Before too long, the man was out of my mind, as I prayed that out of everyone taking part tonight, that the wire cutters had done a sterling job, and had the easiest work that they had ever come up against. A lot hinged on them.
If they had managed to clear the wire perfectly, with no disturbance from the Germans, then it could prove to be a much easier operation than I had first anticipated. If though, for example, a German sentry had been seen at the entry point, making it far harder for them to clear the wire stealthily, then there was a chance that we might never make it into the frontline itself.
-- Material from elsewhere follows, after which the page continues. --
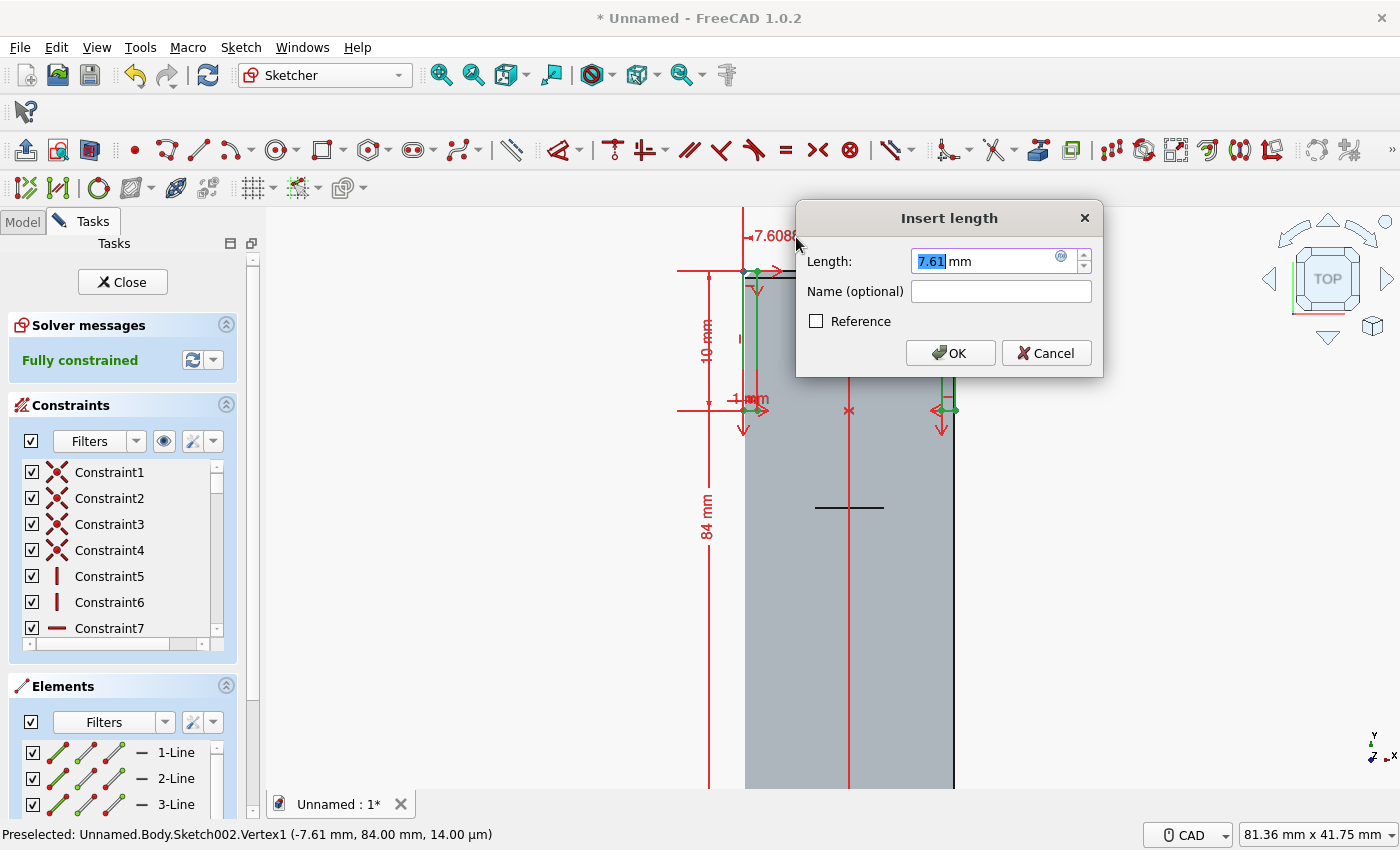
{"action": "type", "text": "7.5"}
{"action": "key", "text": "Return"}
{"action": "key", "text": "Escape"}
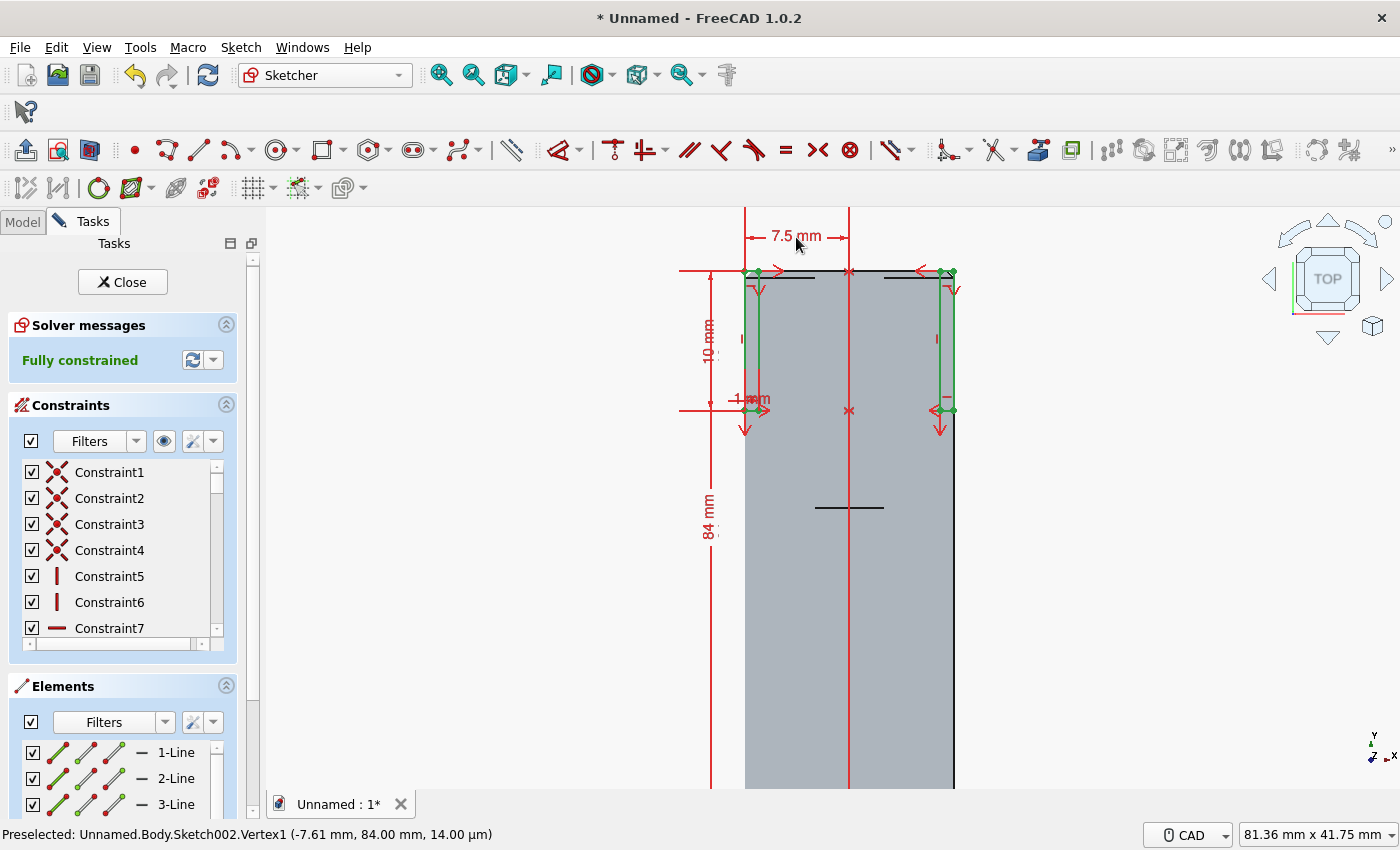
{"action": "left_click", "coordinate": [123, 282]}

I just hoped that it was the first scenario, and that they had done it flawlessly, so that I wasn’t about to snag myself on a coil of barbed wire, ringing at the empty tin cans and other bells that they had fixed to their wire. All it would take would be the faintest brush of movement along one outstretched bit of wire and the entire raiding force would be lit up by an illuminating flare. That would be the end of that.
While I was mulling over every eventuality as to what might go wrong, I suddenly became increasingly concerned with our planned artillery bombardment. At the agreed time, the guns would open up, firing a huge amount of ordnance towards our flanks, to keep the inquisitive Hun in adjoining dugouts from racing to their comrades’ assistance. That wasn’t concerning me too much, as we were raiding the central sector of the line, which meant that the flanking bombardment would be a relatively safe distance away from us.
It was the shells that were due to drop just behind the frontline that had begun to scare me. They would fall around the parados of the trench, in the hope that as we made our final approach, the Boche would need to keep their heads down and thus miss our uninvited entry into their frontline.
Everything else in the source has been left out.